School assignments with a side of summer


Katie Johnston, Features/Arts Director

Summer is synonymous with relaxation, fun, and, of course, no school. However, this year, some honors and AP students were surprised by unexpected summer assignments that included books to read, and projects and online assignments to complete.
According to English teacher Cynthia Pryor, English classes previously had a tradition of summer work, and ninth and 10th grade English honors teachers decided to reinstate it. This summer, students were asked to read one book and respond to a quote from each chapter. They then had to complete a creative project that interpreted a theme or motif from the novel through an artistic medium, such as film, poetry, music, or painting.
“We decided to limit it to one book because we don’t want to overload students,” Pryor said. “We want to give them an enriching literary experience.”
AP history classes assigned work, as well; sophomores completed worksheets on European monarchies, nationalism, and the Industrial Revolution, while juniors completed an online assignment for AP U.S. History.
“This year I chose the OnBoard program from the textbook company because I thought it would be a good idea to introduce AP themes to students ahead of time, instead of after class started,” AP U.S. History teacher Liz Monseur said. “I thought that it might also give students some insight into what kind of assignments or topics to expect during the term.”
AP Environmental Studies teacher Jennifer Copperthite gave her pupils the option of completing work that would be assigned during the school year over the summer. Students could work on their map review, current events assignment, and make review cards for the AP test before school started to ease their workload.
“Some students kind of enjoy getting it out of the way, but for those who would rather enjoy the entire summer, they can do that instead,” Copperthite said. “This is stuff [they] could do ahead of time [and] get it out of the way so when the school year starts, there’s not as much to do at one time.”
For most underclassmen, this was the first time they’ve been asked to complete work over the summer.
“I’ve never had to do a project over summer before, coming from middle school, so that was definitely a new thing for me,” freshman Jessica Pain said. “I did learn a lot. It was a lot of work and a hard project, but I feel good about it now that it’s done.”
Parents were surprised, too. According to Larke Pain, Jessica Pain’s mother, summer assignments, like reading a book, can be a good way of keeping students educationally engaged, but too much work can take away from time spent with family.
“I think some work is a great idea, so it wasn’t totally negative. There was lots that she learned,” Larke Pain said. “[However] she had to give up family time in order to work on [the] homework, and that was hard. That was difficult to do.”
Upperclassmen who have taken AP and honors classes before were not surprised; it’s just a part of a challenging schedule.
“Honestly, I expected more because they were honors or AP classes,” junior Sophia Morales said. “I didn’t really mind it. It wasn’t that hard, just time consuming.”
Expected or not, students are not enthusiastic about summer work. Although most students said that summer work was manageable, they agreed that it caused stress, not only for the assignment, but for the school year ahead.
“I was definitely stressed out about it, and it got me worried about school and the workload I would be getting taking honors classes,” Pain said.
Multiple studies have shown that students tend to lose information and skills over the summer, up to two months in some cases, especially in math and reading.

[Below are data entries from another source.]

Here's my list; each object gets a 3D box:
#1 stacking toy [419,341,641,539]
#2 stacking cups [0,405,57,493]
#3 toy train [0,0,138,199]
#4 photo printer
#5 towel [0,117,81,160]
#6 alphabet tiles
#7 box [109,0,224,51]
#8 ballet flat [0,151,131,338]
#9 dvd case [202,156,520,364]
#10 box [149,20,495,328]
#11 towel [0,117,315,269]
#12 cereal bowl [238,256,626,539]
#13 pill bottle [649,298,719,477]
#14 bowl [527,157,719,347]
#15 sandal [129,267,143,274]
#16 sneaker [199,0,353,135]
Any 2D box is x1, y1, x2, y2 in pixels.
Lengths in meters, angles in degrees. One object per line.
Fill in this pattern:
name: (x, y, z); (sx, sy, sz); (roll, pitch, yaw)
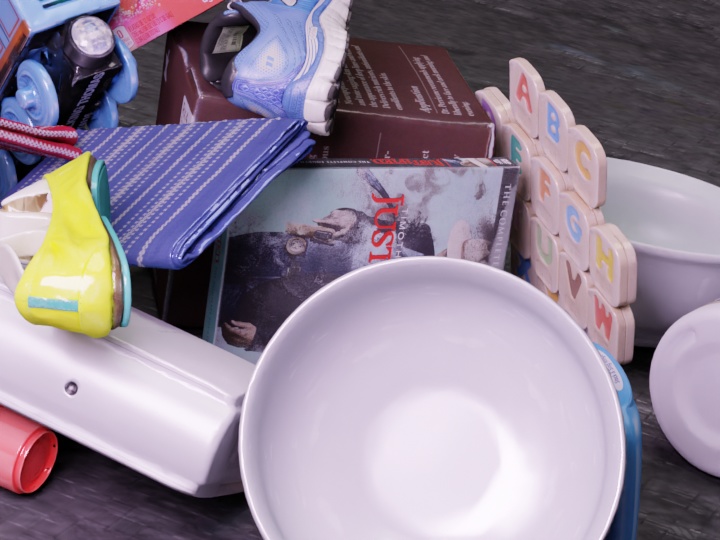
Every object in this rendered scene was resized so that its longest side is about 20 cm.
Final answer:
stacking toy: (0.052, 0.110, 1.387); (0.200, 0.110, 0.116); (-6, 27, -11)
stacking cups: (-0.260, 0.073, 1.389); (0.200, 0.061, 0.060); (23, 24, 19)
toy train: (-0.211, -0.128, 1.612); (0.087, 0.200, 0.114); (-21, 76, -30)
photo printer: (-0.143, 0.055, 1.373); (0.200, 0.070, 0.166); (24, 3, 14)
towel: (-0.287, -0.100, 1.523); (0.200, 0.023, 0.145); (10, -2, 36)
alphabet tiles: (0.123, -0.030, 1.609); (0.015, 0.196, 0.200); (-17, 43, -17)
box: (-0.085, -0.231, 1.596); (0.200, 0.095, 0.103); (-25, 11, 32)
ballet flat: (-0.161, -0.017, 1.319); (0.067, 0.067, 0.200); (-3, 20, -8)
dvd case: (0.000, 0.000, 1.556); (0.200, 0.146, 0.022); (-1, 21, -29)
box: (-0.033, -0.059, 1.662); (0.200, 0.164, 0.166); (5, 23, -12)
towel: (-0.136, -0.042, 1.468); (0.200, 0.024, 0.145); (0, 35, 40)
cereal bowl: (0.038, 0.095, 1.303); (0.200, 0.200, 0.083); (12, -8, 4)
pill bottle: (0.280, 0.057, 1.583); (0.111, 0.111, 0.200); (24, 25, 31)
bowl: (0.189, -0.006, 1.724); (0.201, 0.090, 0.201); (11, 20, -4)
sandal: (-0.228, 0.011, 1.533); (0.201, 0.057, 0.080); (-3, 18, 11)
sneaker: (-0.053, -0.151, 1.555); (0.089, 0.079, 0.200); (11, 23, -4)

Many teachers value summer work not only as a way to combat summer learning loss, but also as a way to help students during the school year.
“[The] purpose is to ease the burden of the AP student’s workload during the regular school year, as three months simply isn’t enough time,” World History II AP teacher Charles Keith said. “But it is also intended to keep students’ minds active through critical thinking and creative output.”
Summer work can help students discover if honors and AP level work is something they really want to do.
“I think that it gives students an opportunity to get an idea of how much work will be involved in class and the nature of the work, as well,” Monseur said.
Pryor adds that summer work can give students an opportunity to formulate their own ideas of a text and work individually.
“Students sometimes underestimate their ability to explore and navigate new texts and ideas,” Pryor said. “They need more independent learning experiences.”
According to English Supervisor Steven Payne, teachers have a difficult balancing act to perform in deciding what work to assign and how much of it to give.
“They want to encourage a love for independent reading and learning, on the one hand,” Payne said. “On the other, they feel a need for student accountability through appropriately challenging and reasonable assignments.”
The lack of consistency in the rigor and difficulty of FHS’s summer work, as compared to the assignments at Kettle Run or Liberty, was somewhat controversial. According to Payne, ideally, representatives from the three high schools would collaborate on the required assignments, but, in reality, individual schools have the freedom to make site-based decisions.
“I think summer homework in a lot of cases is meant to introduce the subject, especially if you’re in an AP class,” junior Angelina Martella said. “It should be the responsibility of the teacher to get the students ready before the year starts so they’ll have some preparation.”
Payne plans to create a committee to analyze summer assignments before they are given out next summer.
“This fall, because schools have shown an interest in requiring, rather than suggesting, reading and assignments, I have decided to create a task force to study the issue well in advance of the end of the school year,” Payne said. “I envision including student and parent voices, as well as teacher voices in the conversation.”